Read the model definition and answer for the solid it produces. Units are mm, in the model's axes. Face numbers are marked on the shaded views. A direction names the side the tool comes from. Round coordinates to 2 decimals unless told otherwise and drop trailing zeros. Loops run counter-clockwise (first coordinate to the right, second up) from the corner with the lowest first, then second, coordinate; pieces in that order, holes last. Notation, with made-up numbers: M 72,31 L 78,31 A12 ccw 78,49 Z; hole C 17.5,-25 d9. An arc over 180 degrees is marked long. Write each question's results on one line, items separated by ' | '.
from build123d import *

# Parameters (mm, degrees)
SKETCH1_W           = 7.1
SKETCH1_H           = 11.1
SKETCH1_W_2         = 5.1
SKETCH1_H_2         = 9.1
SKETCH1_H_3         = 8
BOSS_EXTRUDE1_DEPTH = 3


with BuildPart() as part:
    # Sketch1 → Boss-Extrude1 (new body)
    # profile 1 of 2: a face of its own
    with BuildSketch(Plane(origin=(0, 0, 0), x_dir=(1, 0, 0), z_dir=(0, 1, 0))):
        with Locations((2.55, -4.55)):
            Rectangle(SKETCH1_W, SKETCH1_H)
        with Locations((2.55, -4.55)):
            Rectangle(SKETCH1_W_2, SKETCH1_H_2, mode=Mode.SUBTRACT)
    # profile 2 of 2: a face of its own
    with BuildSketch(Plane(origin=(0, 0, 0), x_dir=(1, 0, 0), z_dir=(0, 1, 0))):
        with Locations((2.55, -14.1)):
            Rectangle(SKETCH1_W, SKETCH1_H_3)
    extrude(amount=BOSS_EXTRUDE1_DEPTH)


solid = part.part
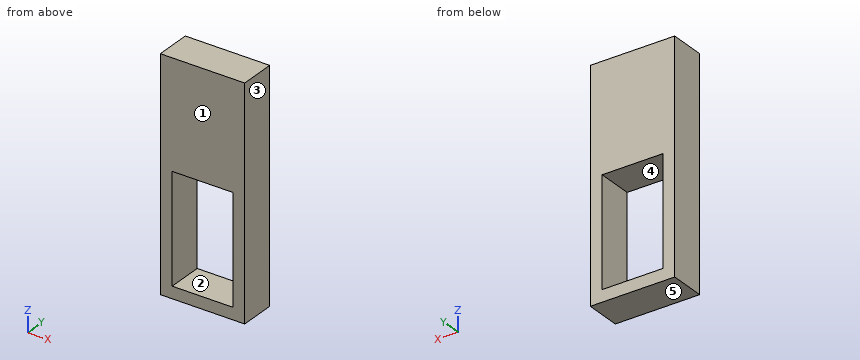
Item 1: A flat-ended cylindrical pin translates along its axis: pin 1 (3 mm diameter, centred on x = 2.5, z = 4, fed in from +Y). Find the tip coordinate at first contact, or state that the pin passes through.
Outcome:
pin 1: passes through
Item 2: For the marked faces 4 and 5, determine the directions among +Z, -Z, +X, -X, +Y, -Y from which every point of the face is accessible in a straight line to the end or side of a thin tool.
Outcome:
face 4: +Y, -Y | face 5: -Z, +X, -X, +Y, -Y
Item 3: Straight lines are drawn through the part: line 1 (X direction, y = 1.4, z = 8.5); line 2 (Z direction, x = 4.75, y = 2.55). For each, find the intervals that lie inside material, in ascending order.
Outcome:
line 1: x = -1 to 0, 5.1 to 6.1 | line 2: z = -1 to 0, 9.1 to 18.1
Item 4: The mould has two halves that part along X. Classify the marked faces 1, 2 and 3: pulls with the +X half, pulls with the -X half, needs draft (parallel to the pull), parting line crosses it, or undercut.
Outcome:
face 1: needs draft | face 2: undercut | face 3: pulls with the +X half
Item 5: The part is cut by section B-B (x = 3.5). Determine the outline of the cut face in (y, z), plus the area to 3 significant figures.
Outcome:
outline: M 0,-1 L 3,-1 L 3,0 L 0,0 Z; M 0,9.1 L 3,9.1 L 3,18.1 L 0,18.1 Z | area: 30.0 mm2
Item 6: The part is cut by section C-C (y = 2.45). Determine the outline of the cut face in (x, z).
Outcome:
outline: M -1,-1 L 6.1,-1 L 6.1,18.1 L -1,18.1 Z; hole M 0,0 L 5.1,0 L 5.1,9.1 L 0,9.1 Z
Item 7: The part is cut by section A-A (z = 7.75). Determine the outline of the cut face in (x, y), plus the area to 3 significant figures.
Outcome:
outline: M -1,0 L 0,0 L 0,3 L -1,3 Z; M 5.1,0 L 6.1,0 L 6.1,3 L 5.1,3 Z | area: 6.00 mm2

__________

▸ **Assignment**
In full and without changes, repeat the listing above, but not its pictures.

▸ **Task result**
Read the model definition and answer for the solid it produces. Units are mm, in the model's axes. Face numbers are marked on the shaded views. A direction names the side the tool comes from. Round coordinates to 2 decimals unless told otherwise and drop trailing zeros. Loops run counter-clockwise (first coordinate to the right, second up) from the corner with the lowest first, then second, coordinate; pieces in that order, holes last. Notation, with made-up numbers: M 72,31 L 78,31 A12 ccw 78,49 Z; hole C 17.5,-25 d9. An arc over 180 degrees is marked long. Write each question's results on one line, items separated by ' | '.
from build123d import *

# Parameters (mm, degrees)
SKETCH1_W           = 7.1
SKETCH1_H           = 11.1
SKETCH1_W_2         = 5.1
SKETCH1_H_2         = 9.1
SKETCH1_H_3         = 8
BOSS_EXTRUDE1_DEPTH = 3


with BuildPart() as part:
    # Sketch1 → Boss-Extrude1 (new body)
    # profile 1 of 2: a face of its own
    with BuildSketch(Plane(origin=(0, 0, 0), x_dir=(1, 0, 0), z_dir=(0, 1, 0))):
        with Locations((2.55, -4.55)):
            Rectangle(SKETCH1_W, SKETCH1_H)
        with Locations((2.55, -4.55)):
            Rectangle(SKETCH1_W_2, SKETCH1_H_2, mode=Mode.SUBTRACT)
    # profile 2 of 2: a face of its own
    with BuildSketch(Plane(origin=(0, 0, 0), x_dir=(1, 0, 0), z_dir=(0, 1, 0))):
        with Locations((2.55, -14.1)):
            Rectangle(SKETCH1_W, SKETCH1_H_3)
    extrude(amount=BOSS_EXTRUDE1_DEPTH)


solid = part.part
Item 1: A flat-ended cylindrical pin translates along its axis: pin 1 (3 mm diameter, centred on x = 2.5, z = 4, fed in from +Y). Find the tip coordinate at first contact, or state that the pin passes through.
Outcome:
pin 1: passes through
Item 2: For the marked faces 4 and 5, determine the directions among +Z, -Z, +X, -X, +Y, -Y from which every point of the face is accessible in a straight line to the end or side of a thin tool.
Outcome:
face 4: +Y, -Y | face 5: -Z, +X, -X, +Y, -Y
Item 3: Straight lines are drawn through the part: line 1 (X direction, y = 1.4, z = 8.5); line 2 (Z direction, x = 4.75, y = 2.55). For each, find the intervals that lie inside material, in ascending order.
Outcome:
line 1: x = -1 to 0, 5.1 to 6.1 | line 2: z = -1 to 0, 9.1 to 18.1
Item 4: The mould has two halves that part along X. Classify the marked faces 1, 2 and 3: pulls with the +X half, pulls with the -X half, needs draft (parallel to the pull), parting line crosses it, or undercut.
Outcome:
face 1: needs draft | face 2: undercut | face 3: pulls with the +X half
Item 5: The part is cut by section B-B (x = 3.5). Determine the outline of the cut face in (y, z), plus the area to 3 significant figures.
Outcome:
outline: M 0,-1 L 3,-1 L 3,0 L 0,0 Z; M 0,9.1 L 3,9.1 L 3,18.1 L 0,18.1 Z | area: 30.0 mm2
Item 6: The part is cut by section C-C (y = 2.45). Determine the outline of the cut face in (x, z).
Outcome:
outline: M -1,-1 L 6.1,-1 L 6.1,18.1 L -1,18.1 Z; hole M 0,0 L 5.1,0 L 5.1,9.1 L 0,9.1 Z
Item 7: The part is cut by section A-A (z = 7.75). Determine the outline of the cut face in (x, y), plus the area to 3 significant figures.
Outcome:
outline: M -1,0 L 0,0 L 0,3 L -1,3 Z; M 5.1,0 L 6.1,0 L 6.1,3 L 5.1,3 Z | area: 6.00 mm2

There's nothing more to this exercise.